[TASK]
Of all the lines below, output only those starting at the one with "Answer in list" and ending at the one with "3) golf shoe [0,356,7,375]", both ends included, exactly as written.

[THE INPUT]
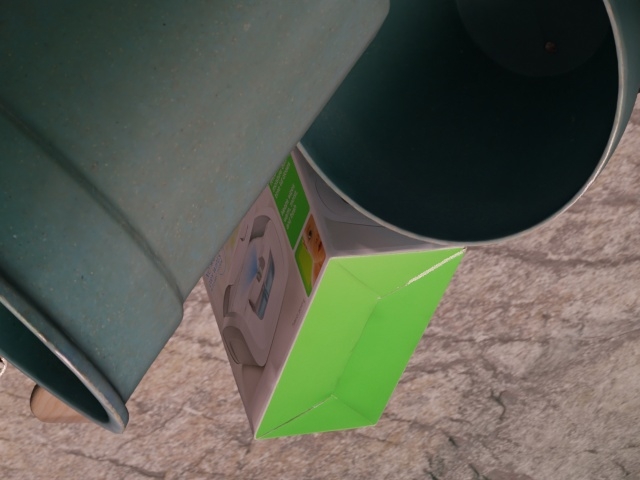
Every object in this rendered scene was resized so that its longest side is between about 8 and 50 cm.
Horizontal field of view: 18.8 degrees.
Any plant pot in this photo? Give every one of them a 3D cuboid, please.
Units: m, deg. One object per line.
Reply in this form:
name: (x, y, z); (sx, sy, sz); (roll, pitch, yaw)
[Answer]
plant pot: (0.128, -0.166, 1.488); (0.290, 0.290, 0.195); (-49, 174, 36)
plant pot: (-0.153, -0.111, 1.259); (0.334, 0.341, 0.341); (-50, 149, -13)

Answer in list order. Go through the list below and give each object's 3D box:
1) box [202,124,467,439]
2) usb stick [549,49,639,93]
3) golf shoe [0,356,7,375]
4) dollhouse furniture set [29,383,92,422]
box: (0.000, 0.000, 1.649); (0.127, 0.231, 0.262); (-4, 144, -23)
usb stick: (0.289, -0.166, 1.743); (0.278, 0.045, 0.077); (-19, 140, -3)
golf shoe: (-0.320, 0.113, 1.646); (0.273, 0.120, 0.105); (-28, 135, -77)
dollhouse furniture set: (-0.325, 0.041, 1.513); (0.303, 0.198, 0.286); (2, 161, -13)

[ANSWER SPACE]
Answer in list order. Go through the list below and give each object's 3D box:
1) box [202,124,467,439]
2) usb stick [549,49,639,93]
3) golf shoe [0,356,7,375]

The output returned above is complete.